(Collected data entries)
____
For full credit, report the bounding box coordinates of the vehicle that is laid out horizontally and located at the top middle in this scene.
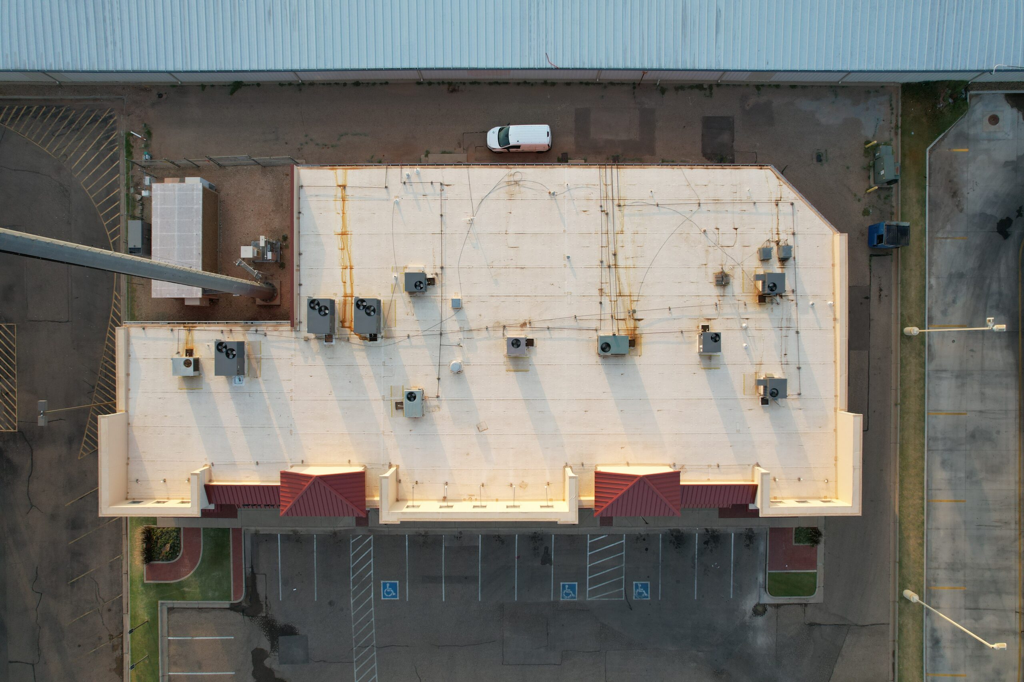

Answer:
[487,124,553,154]
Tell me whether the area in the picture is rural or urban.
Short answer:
urban
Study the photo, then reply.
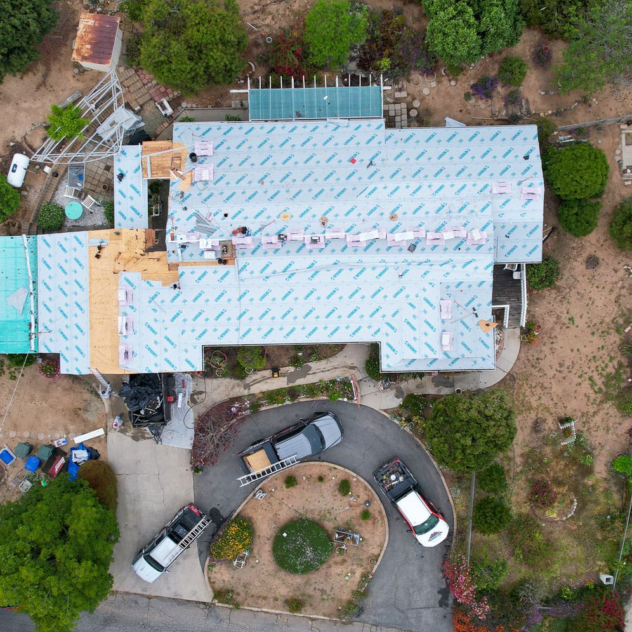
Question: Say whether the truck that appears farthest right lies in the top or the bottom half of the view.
bottom
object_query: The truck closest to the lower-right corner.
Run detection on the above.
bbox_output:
[373,456,444,547]
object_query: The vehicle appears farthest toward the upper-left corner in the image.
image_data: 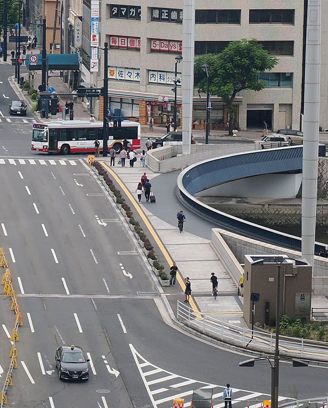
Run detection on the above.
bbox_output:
[6,100,28,117]
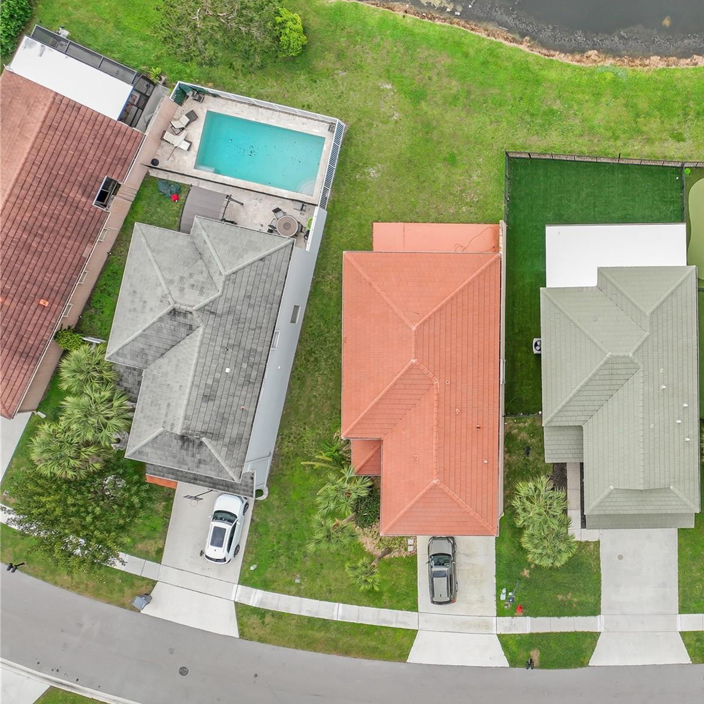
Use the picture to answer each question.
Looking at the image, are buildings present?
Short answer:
Yes
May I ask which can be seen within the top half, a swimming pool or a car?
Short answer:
swimming pool
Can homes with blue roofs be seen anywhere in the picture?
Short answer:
No
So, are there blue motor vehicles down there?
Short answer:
No
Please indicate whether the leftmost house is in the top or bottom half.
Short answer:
top
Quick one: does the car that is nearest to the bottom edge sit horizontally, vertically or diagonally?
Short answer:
vertically
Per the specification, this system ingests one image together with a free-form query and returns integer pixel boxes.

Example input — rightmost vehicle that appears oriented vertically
[425,536,458,606]
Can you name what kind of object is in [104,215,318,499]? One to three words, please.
house
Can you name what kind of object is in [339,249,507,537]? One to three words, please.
house
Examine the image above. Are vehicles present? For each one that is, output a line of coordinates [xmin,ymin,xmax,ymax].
[203,493,247,564]
[425,536,458,606]
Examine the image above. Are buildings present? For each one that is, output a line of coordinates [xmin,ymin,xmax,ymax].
[104,215,318,499]
[339,249,507,537]
[540,223,702,529]
[0,34,158,420]
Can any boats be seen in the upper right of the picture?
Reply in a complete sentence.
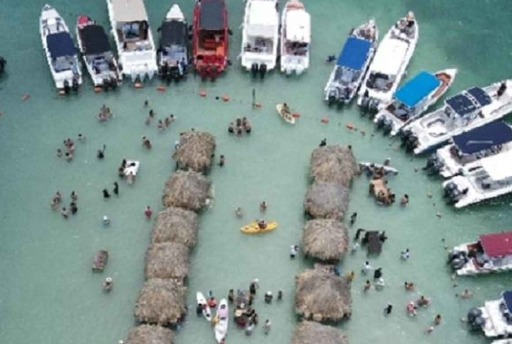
Yes, the scene does show a boat in the upper right of the picture.
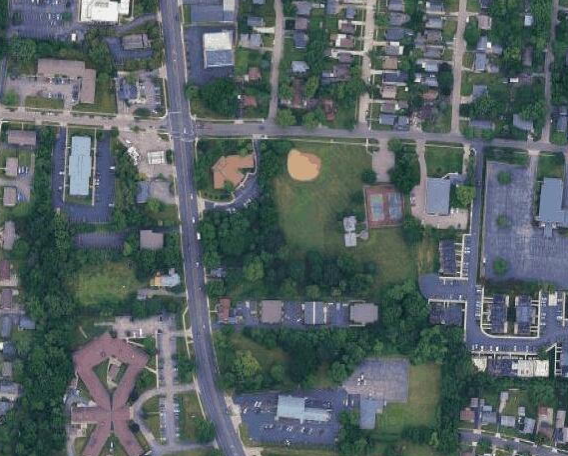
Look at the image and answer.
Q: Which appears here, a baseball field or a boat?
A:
baseball field
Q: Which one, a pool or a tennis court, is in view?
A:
tennis court
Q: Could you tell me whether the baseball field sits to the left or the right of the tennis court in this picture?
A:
____
§ Aim of the task:
Go through the records above and write out every line exactly, passing over the pictures.

§ Completed task:
For full credit, report the bounding box coordinates of the vehicle that is laid out horizontally and located at the top middle in this scene.

Answer:
[487,124,553,154]
Tell me whether the area in the picture is rural or urban.
Short answer:
urban
Study the photo, then reply.
Question: Say whether the truck that appears farthest right lies in the top or the bottom half of the view.
bottom
object_query: The truck closest to the lower-right corner.
Run detection on the above.
bbox_output:
[373,456,444,547]
object_query: The vehicle appears farthest toward the upper-left corner in the image.
image_data: 
Run detection on the above.
bbox_output:
[6,100,28,117]
Use the picture to answer each question.
Looking at the image, are buildings present?
Short answer:
Yes
May I ask which can be seen within the top half, a swimming pool or a car?
Short answer:
swimming pool
Can homes with blue roofs be seen anywhere in the picture?
Short answer:
No
So, are there blue motor vehicles down there?
Short answer:
No
Please indicate whether the leftmost house is in the top or bottom half.
Short answer:
top
Quick one: does the car that is nearest to the bottom edge sit horizontally, vertically or diagonally?
Short answer:
vertically
Per the specification, this system ingests one image together with a free-form query and returns integer pixel boxes.

Example input — rightmost vehicle that appears oriented vertically
[425,536,458,606]
Can you name what kind of object is in [104,215,318,499]? One to three words, please.
house
Can you name what kind of object is in [339,249,507,537]? One to three words, please.
house
Examine the image above. Are vehicles present? For each one that is, output a line of coordinates [xmin,ymin,xmax,ymax].
[203,493,247,564]
[425,536,458,606]
Examine the image above. Are buildings present? For each one that is, output a line of coordinates [xmin,ymin,xmax,ymax].
[104,215,318,499]
[339,249,507,537]
[540,223,702,529]
[0,34,158,420]
Can any boats be seen in the upper right of the picture?
Reply in a complete sentence.
Yes, the scene does show a boat in the upper right of the picture.
Look at the image and answer.
Q: Which appears here, a baseball field or a boat?
A:
baseball field
Q: Which one, a pool or a tennis court, is in view?
A:
tennis court
Q: Could you tell me whether the baseball field sits to the left or the right of the tennis court in this picture?
A:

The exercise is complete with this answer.